2018-04-04 Thread Andy Lutomirski

On Wed, Apr 4, 2018 at 9:17 AM, David Howells  wrote:
> Andy Lutomirski  wrote:
>
>> Since this thread has devolved horribly, I'm going to propose a solution.
>>
>> 1. Split the "lockdown" state into three levels:  (please don't
>> bikeshed about the names right now.)
>>
>> LOCKDOWN_NONE: normal behavior
>>
>> LOCKDOWN_PROTECT_INTEGREITY: kernel tries to keep root from writing to
>> kernel memory
>>
>> LOCKDOWN_PROTECT_INTEGRITY_AND_SECRECY: kernel tries to keep root from
>> reading or writing kernel memory.
>
> In theory, it's good idea, but in practice it's not as easy to implement as I
> think you think.

[...]

so do your best.  The whole lockdown patchset is a best-effort thing,
not a "we did it and it's done" thing.

> Note that /dev/mem can be used to access MMIO devices (I'm not sure about
> /dev/kmem, though).  Even reads through /dev/mem can do this.  I'm not sure
> whether that's sufficient to actually affect a modification, though.

So turn it off in both modes.  /dev/mem is basically obsolete anyway.
Or restrict it to actual memory, or whatever.

>
>> 2. The kexec protocol gets a new flag min_lockdown_level.  A kexeced
>> kernel will boot with at least that lockdown level regardless of its
>> configuration.  kexec sets min_lockdown_level to the running kernels'
>> lockdown_level.  Some future API could allow kexec with a higher
>> min_lockdown_level.  An even fancier future API could allow a
>> LOCKDOWN_PROTECT_INTEGRITY_AND_SECRECY kernel to kexec with
>> min_lockdown_level == LOCKDOWN_PROTECT_INTEGRITY if there's some
>> mechanism that guarantees that memory gets zeroed in the process.
>
> Note that on x86 we already have an allocated flag for passing the secure boot
> flag from kexec/bootloader to the kernel being booted, and what you're
> proposing ought to be redundant.  See boot_params::secure_boot.
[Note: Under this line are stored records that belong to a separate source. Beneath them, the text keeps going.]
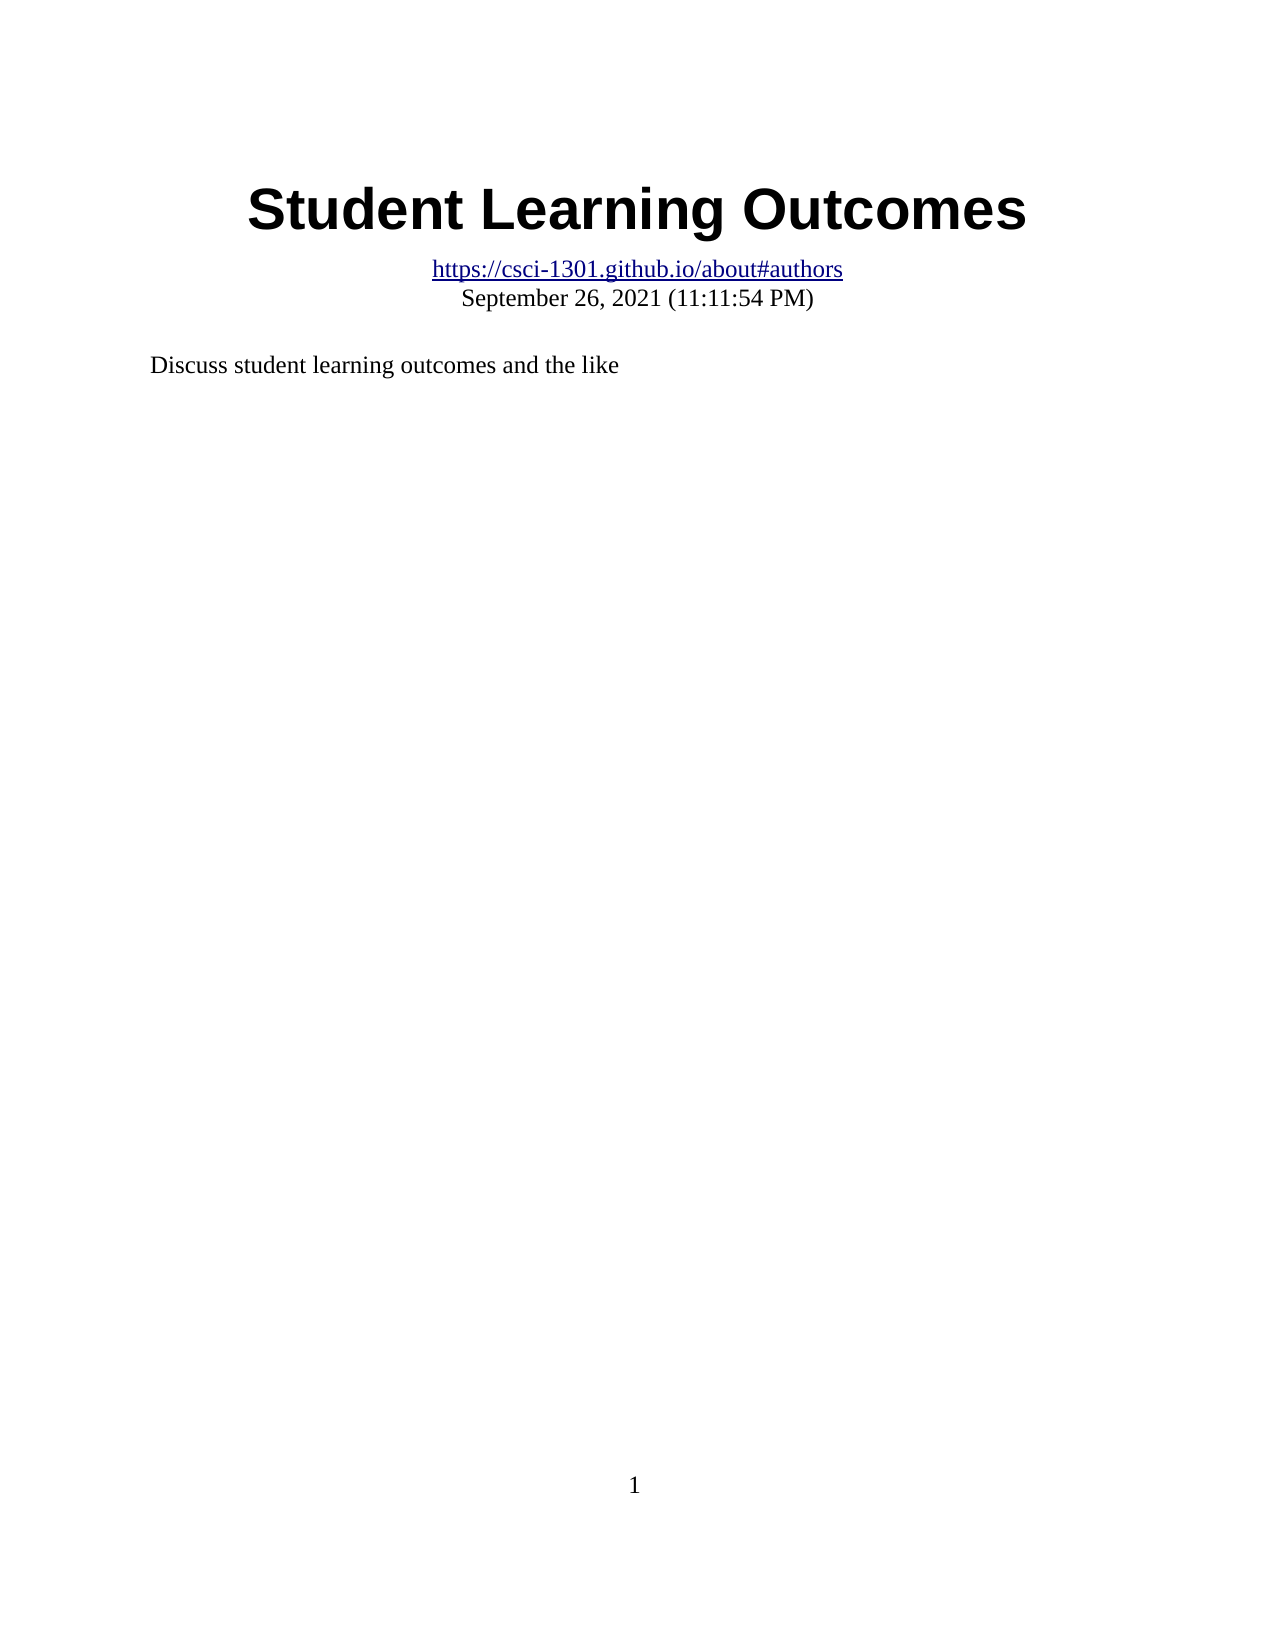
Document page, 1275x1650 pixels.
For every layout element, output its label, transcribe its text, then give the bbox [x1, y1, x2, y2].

text September 26, 2021 (11:11:54 PM) [150, 283, 1125, 312]
text https://csci-1301.github.io/about#authors [150, 254, 1125, 283]
title Student Learning Outcomes [150, 175, 1125, 242]
text Discuss student learning outcomes and the like [150, 350, 1125, 378]

Incorrect.  Linus is rejecting the idea that secure boot implies
lockdown.  I strongly agree with him.  I also think that trying to
make security decisions in a kexeced kernel based on whether the
previous kernel was secure booted is a bad idea, so I'm suggesting a
new feature.  I don't really care what value is passed in
boot_params::secure_boot for a kexeced kernel, but I think it should
not be used for lockdown.

So I stand by my proposal.

>
>> 3. All the bpf and tracing stuf, etc, gets changed so it only takes
>> effect when LOCKDOWN_PROTECT_INTEGRITY_AND_SECRECY is set.
>
> Uh, no.  bpf, for example, can be used to modify kernel memory.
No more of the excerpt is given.